### TASK BRIEF
Please repeat, exactly as they stand, the line containing "#3 small box [723,287,1025,586]" and the lines after it through the final line of the listing below, minus pictures.

### WORKING DATA
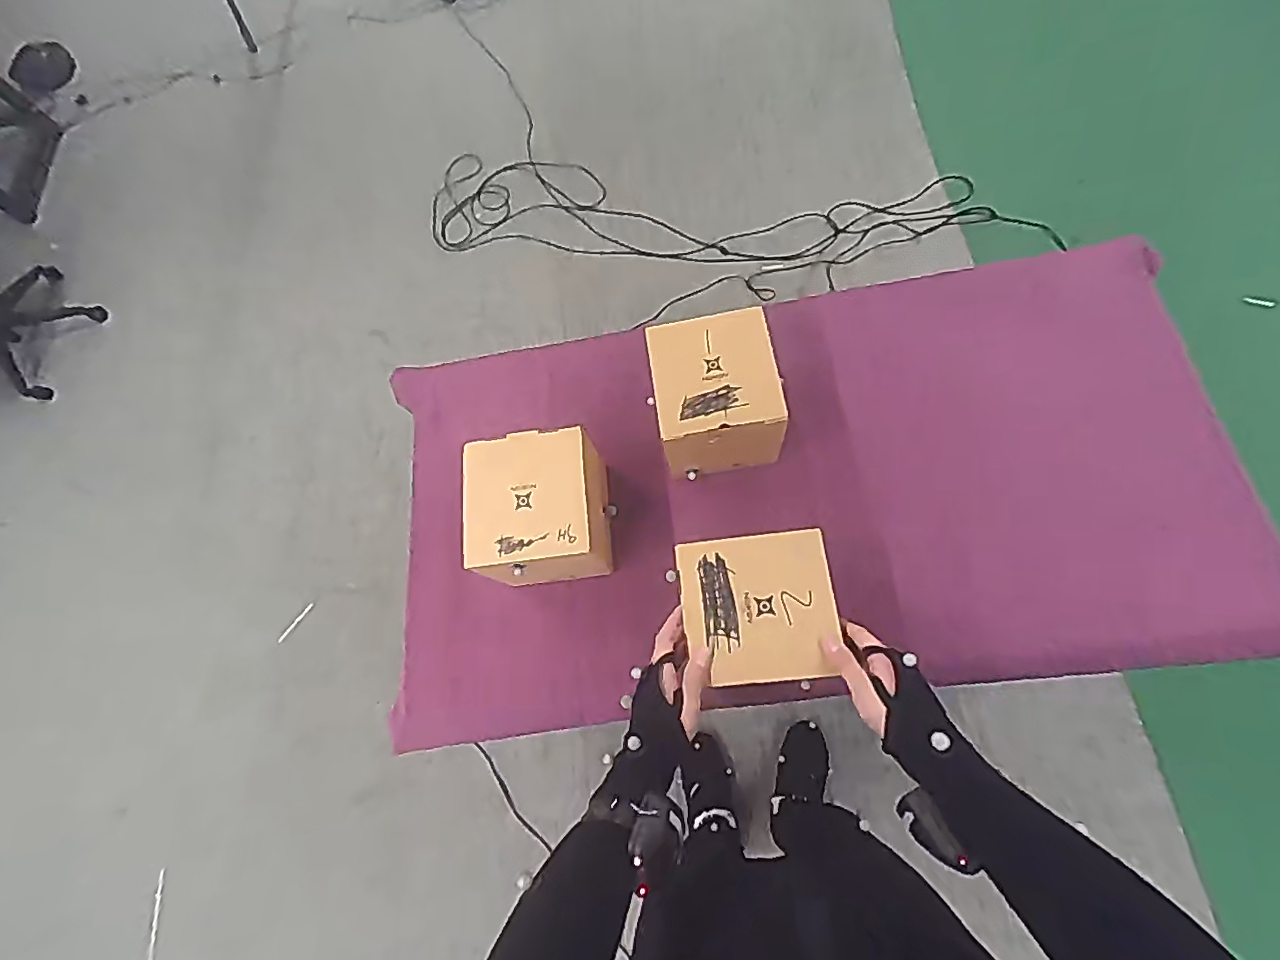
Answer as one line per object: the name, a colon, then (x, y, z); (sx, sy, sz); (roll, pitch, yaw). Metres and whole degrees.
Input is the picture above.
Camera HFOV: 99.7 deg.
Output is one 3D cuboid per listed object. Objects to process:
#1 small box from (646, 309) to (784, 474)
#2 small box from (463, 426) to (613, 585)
small box: (0.109, -0.118, 0.799); (0.168, 0.176, 0.179); (-9, 70, 5)
small box: (-0.138, 0.044, 0.778); (0.168, 0.176, 0.179); (-8, 70, 7)
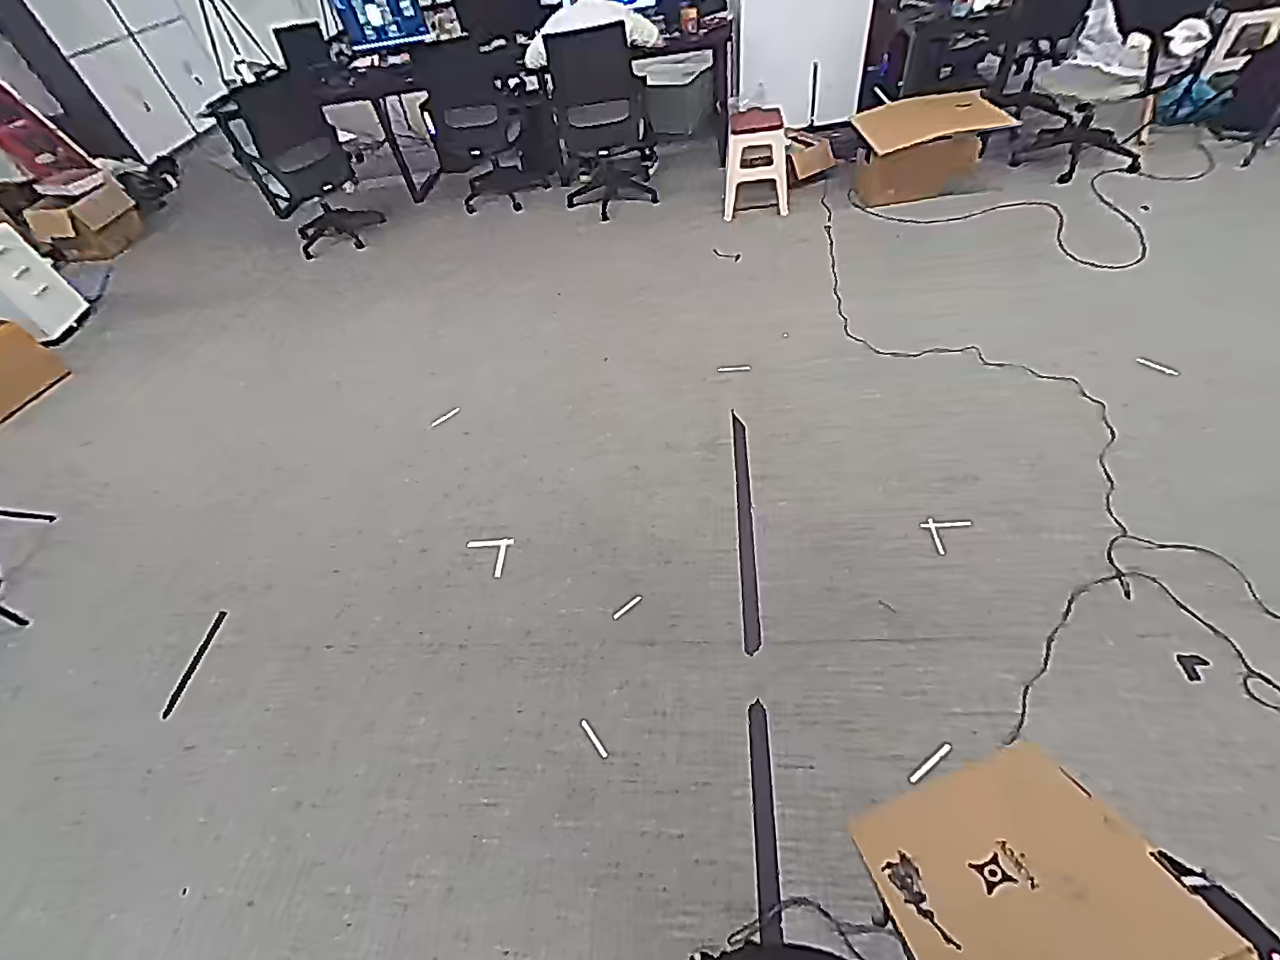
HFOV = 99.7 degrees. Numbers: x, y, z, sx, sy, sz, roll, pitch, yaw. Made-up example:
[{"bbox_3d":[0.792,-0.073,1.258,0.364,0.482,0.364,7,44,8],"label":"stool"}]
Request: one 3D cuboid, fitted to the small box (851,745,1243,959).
[{"bbox_3d":[0.301,0.356,0.418,0.179,0.176,0.168,-26,15,3],"label":"small box"}]
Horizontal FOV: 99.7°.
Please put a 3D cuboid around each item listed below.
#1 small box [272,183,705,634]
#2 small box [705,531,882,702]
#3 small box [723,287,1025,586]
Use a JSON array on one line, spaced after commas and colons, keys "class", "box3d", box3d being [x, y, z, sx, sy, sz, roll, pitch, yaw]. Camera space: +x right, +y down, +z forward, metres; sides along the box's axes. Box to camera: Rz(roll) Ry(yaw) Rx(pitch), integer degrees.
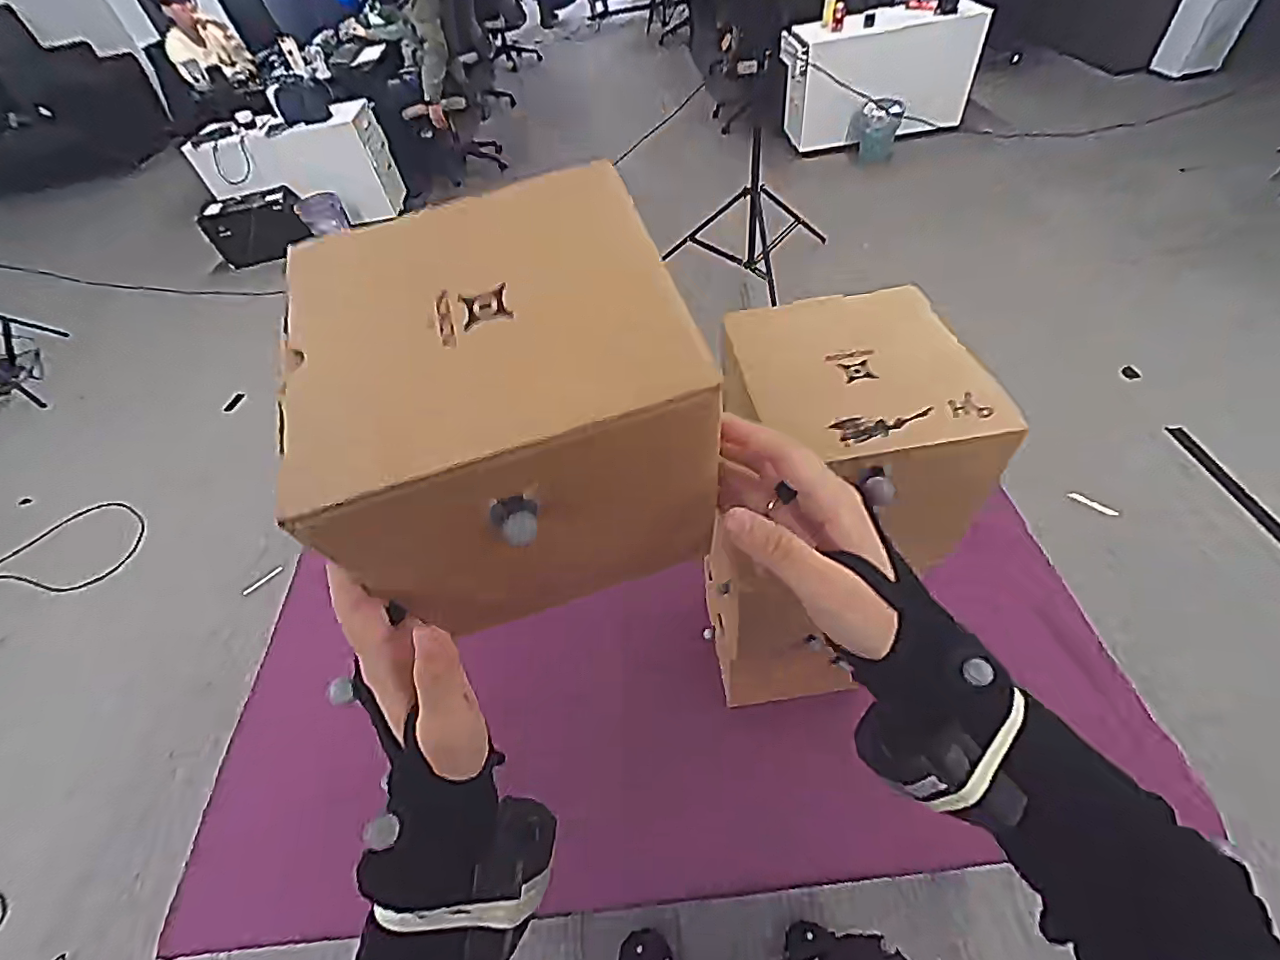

### THE ANSWER
#3 small box [723,287,1025,586]
Use a JSON array on one line, spaced after commas and colons, keys "class", "box3d", box3d being [x, y, z, sx, sy, sz, roll, pitch, yaw]. Camera space: +x right, +y down, +z forward, metres; sides along the box's axes. Box to camera: Rz(roll) Ry(yaw) Rx(pitch), integer degrees.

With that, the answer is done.